**Exercise:**
Your answer must consist of exactly the lines below, starting with the line with "text Das Bettmachen" and going on through the line with "text Dass der", and nothing else.

**Entries shown:**
|---|

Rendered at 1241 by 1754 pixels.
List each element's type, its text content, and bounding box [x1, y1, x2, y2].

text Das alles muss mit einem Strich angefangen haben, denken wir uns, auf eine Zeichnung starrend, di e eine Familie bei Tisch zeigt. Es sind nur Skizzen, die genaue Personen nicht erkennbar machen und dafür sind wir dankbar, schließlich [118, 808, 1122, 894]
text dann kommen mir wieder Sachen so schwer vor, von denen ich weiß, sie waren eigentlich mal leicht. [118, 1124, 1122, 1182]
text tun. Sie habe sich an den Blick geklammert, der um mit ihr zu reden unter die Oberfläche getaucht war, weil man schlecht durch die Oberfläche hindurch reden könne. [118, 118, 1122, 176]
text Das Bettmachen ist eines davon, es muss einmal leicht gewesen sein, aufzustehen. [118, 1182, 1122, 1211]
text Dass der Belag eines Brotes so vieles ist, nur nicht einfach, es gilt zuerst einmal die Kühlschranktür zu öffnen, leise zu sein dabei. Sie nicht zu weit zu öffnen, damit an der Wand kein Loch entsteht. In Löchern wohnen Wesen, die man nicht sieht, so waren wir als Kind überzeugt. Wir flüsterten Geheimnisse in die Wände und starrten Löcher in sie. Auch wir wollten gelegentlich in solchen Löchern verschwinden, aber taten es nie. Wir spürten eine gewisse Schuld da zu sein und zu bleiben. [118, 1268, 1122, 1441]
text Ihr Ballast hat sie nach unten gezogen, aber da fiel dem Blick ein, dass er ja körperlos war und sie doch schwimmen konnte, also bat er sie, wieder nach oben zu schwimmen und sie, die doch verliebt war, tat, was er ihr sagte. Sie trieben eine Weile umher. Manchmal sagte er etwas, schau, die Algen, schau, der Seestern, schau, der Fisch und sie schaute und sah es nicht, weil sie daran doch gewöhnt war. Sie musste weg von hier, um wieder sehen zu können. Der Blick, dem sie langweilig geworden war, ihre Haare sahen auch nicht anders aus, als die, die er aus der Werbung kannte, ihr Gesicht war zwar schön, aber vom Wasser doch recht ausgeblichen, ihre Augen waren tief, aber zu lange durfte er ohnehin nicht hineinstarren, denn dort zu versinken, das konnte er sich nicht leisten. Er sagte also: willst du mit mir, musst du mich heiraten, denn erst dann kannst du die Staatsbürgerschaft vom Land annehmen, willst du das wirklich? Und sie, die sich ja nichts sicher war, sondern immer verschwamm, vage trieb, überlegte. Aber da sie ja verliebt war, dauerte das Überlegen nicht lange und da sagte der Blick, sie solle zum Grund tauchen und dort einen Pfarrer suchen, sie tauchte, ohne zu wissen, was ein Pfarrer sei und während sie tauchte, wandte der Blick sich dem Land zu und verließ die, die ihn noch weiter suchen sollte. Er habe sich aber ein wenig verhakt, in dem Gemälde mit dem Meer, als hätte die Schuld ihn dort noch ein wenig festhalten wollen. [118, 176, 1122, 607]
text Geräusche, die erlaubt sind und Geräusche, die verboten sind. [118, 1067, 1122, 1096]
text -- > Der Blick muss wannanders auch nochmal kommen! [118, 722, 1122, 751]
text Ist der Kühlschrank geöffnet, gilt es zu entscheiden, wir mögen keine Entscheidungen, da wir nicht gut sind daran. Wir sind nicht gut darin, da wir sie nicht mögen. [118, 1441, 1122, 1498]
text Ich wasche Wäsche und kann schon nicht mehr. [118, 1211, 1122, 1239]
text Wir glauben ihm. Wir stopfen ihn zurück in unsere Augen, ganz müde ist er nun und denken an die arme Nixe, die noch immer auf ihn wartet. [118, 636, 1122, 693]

|---|

**Finished exercise:**
text Das Bettmachen ist eines davon, es muss einmal leicht gewesen sein, aufzustehen. [118, 1182, 1122, 1211]
text Dass der Belag eines Brotes so vieles ist, nur nicht einfach, es gilt zuerst einmal die Kühlschranktür zu öffnen, leise zu sein dabei. Sie nicht zu weit zu öffnen, damit an der Wand kein Loch entsteht. In Löchern wohnen Wesen, die man nicht sieht, so waren wir als Kind überzeugt. Wir flüsterten Geheimnisse in die Wände und starrten Löcher in sie. Auch wir wollten gelegentlich in solchen Löchern verschwinden, aber taten es nie. Wir spürten eine gewisse Schuld da zu sein und zu bleiben. [118, 1268, 1122, 1441]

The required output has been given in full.